** RECORDS FOR THIS TASK follows **

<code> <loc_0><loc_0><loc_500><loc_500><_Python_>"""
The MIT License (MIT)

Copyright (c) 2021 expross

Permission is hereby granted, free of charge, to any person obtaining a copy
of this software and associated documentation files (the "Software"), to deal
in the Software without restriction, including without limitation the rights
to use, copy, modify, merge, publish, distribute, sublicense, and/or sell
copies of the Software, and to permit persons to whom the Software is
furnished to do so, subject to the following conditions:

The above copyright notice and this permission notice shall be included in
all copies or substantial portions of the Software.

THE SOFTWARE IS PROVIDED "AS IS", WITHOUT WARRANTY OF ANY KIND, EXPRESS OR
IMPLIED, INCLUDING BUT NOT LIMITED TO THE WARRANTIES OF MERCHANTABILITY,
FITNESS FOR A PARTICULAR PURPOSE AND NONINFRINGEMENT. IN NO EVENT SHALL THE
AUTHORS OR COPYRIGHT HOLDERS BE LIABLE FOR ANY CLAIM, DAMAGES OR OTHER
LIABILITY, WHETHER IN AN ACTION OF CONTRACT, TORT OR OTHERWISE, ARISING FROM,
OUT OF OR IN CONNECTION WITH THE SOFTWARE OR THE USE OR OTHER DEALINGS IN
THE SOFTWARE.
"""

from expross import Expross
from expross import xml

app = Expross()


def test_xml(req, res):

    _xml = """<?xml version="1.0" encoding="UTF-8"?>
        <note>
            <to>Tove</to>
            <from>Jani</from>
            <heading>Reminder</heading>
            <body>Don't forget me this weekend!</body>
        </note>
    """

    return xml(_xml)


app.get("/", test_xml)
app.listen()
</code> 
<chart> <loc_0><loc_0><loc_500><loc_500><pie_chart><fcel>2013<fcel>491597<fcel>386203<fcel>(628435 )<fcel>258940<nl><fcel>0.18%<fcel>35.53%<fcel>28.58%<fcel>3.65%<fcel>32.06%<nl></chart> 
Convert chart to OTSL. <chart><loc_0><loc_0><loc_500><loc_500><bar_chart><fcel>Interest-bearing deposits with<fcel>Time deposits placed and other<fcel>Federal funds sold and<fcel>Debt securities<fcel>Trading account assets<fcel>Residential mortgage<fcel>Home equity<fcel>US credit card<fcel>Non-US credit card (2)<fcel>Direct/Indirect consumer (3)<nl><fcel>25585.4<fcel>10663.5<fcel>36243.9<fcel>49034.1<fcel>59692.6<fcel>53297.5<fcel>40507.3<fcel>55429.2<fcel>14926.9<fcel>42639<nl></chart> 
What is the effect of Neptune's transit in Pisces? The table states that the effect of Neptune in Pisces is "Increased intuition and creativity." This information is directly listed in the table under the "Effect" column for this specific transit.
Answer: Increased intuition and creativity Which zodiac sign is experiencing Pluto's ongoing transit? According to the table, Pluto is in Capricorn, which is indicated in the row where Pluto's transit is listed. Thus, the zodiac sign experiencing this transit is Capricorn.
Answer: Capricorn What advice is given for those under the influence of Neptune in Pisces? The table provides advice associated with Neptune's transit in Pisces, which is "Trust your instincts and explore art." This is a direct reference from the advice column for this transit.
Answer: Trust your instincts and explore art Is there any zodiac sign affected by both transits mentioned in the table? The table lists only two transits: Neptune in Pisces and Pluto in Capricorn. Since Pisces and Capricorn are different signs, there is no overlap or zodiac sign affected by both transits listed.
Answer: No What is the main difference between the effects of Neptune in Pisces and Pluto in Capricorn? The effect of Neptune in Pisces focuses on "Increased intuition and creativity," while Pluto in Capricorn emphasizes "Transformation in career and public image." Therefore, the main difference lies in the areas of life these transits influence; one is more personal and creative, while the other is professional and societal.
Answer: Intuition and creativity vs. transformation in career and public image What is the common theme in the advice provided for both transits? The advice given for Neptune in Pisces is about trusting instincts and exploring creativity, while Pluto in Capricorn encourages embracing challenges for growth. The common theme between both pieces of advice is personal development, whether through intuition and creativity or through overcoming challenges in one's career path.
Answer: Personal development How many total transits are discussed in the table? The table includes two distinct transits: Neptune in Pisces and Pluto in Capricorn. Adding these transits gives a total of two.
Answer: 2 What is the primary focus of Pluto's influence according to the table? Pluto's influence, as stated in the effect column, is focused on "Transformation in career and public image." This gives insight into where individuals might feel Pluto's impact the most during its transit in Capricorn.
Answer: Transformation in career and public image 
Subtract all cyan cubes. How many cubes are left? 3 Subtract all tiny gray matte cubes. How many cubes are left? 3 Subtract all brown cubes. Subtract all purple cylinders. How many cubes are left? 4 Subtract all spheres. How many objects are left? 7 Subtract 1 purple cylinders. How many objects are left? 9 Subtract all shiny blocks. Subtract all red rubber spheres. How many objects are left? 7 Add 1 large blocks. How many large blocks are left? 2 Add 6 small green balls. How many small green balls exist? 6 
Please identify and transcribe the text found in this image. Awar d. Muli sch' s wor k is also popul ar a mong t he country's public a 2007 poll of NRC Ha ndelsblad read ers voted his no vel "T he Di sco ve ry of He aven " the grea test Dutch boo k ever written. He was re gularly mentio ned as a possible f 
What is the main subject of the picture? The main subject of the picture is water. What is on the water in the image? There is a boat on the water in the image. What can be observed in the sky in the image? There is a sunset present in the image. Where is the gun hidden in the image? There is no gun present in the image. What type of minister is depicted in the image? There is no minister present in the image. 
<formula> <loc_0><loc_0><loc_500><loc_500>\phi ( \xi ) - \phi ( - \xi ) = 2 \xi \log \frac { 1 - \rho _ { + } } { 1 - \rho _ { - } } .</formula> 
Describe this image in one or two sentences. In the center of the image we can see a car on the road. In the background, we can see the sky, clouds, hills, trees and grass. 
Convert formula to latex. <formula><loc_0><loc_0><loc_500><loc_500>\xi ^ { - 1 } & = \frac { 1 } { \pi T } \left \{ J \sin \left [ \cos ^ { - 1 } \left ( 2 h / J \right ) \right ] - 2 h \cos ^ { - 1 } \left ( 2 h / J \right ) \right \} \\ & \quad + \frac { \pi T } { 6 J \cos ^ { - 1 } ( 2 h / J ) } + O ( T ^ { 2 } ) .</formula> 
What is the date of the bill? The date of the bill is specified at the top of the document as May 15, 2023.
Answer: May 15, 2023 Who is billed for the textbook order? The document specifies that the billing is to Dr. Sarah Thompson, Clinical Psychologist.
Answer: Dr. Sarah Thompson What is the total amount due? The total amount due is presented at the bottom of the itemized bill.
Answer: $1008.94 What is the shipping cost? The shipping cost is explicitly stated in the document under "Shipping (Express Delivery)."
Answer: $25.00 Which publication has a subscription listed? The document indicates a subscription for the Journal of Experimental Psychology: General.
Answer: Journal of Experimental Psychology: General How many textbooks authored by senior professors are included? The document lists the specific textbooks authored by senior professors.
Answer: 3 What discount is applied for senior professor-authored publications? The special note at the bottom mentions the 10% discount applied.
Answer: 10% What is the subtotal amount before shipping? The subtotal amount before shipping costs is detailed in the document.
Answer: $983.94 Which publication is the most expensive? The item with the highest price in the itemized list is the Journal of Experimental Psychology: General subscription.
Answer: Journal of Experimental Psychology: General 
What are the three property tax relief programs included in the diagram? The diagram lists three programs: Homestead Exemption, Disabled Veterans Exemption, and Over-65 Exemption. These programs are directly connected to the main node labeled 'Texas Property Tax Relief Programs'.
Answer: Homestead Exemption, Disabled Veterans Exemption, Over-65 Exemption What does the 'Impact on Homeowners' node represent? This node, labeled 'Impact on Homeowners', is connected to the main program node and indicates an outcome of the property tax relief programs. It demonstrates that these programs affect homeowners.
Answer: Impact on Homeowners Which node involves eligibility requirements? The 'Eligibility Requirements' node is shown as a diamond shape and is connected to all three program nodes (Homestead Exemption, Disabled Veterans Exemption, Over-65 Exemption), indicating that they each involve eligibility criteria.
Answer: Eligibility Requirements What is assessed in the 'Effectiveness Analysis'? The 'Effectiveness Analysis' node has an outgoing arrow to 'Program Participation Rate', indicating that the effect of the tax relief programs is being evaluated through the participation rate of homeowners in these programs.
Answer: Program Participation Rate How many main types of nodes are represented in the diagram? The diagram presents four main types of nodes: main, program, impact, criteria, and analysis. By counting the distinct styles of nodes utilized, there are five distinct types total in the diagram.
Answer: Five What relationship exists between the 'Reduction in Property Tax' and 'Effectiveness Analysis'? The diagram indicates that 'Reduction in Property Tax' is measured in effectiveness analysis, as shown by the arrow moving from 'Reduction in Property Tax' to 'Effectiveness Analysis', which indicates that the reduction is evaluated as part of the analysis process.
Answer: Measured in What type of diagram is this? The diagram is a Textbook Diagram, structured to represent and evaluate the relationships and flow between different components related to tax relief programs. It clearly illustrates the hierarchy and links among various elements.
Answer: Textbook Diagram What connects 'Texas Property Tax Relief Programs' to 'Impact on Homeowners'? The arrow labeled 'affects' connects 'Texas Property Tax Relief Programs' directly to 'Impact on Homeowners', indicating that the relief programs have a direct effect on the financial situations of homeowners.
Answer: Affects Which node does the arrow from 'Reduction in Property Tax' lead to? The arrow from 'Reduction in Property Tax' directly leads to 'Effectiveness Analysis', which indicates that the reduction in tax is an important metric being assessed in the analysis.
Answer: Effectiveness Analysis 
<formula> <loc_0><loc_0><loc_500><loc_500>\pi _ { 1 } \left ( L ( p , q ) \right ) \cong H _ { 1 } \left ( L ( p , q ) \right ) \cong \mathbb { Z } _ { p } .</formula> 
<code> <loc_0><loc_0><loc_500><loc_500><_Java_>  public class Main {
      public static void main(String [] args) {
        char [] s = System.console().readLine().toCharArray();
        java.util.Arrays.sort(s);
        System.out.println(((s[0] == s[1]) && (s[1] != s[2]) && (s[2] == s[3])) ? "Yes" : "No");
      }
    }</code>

** End of RECORDS FOR THIS TASK **

Starting with the line that contains "public class Main", return every line through the last one of the records, exactly as written.

» **TASK ANSWER**:
<code> <loc_0><loc_0><loc_500><loc_500><_Java_>  public class Main {
      public static void main(String [] args) {
        char [] s = System.console().readLine().toCharArray();
        java.util.Arrays.sort(s);
        System.out.println(((s[0] == s[1]) && (s[1] != s[2]) && (s[2] == s[3])) ? "Yes" : "No");
      }
    }</code>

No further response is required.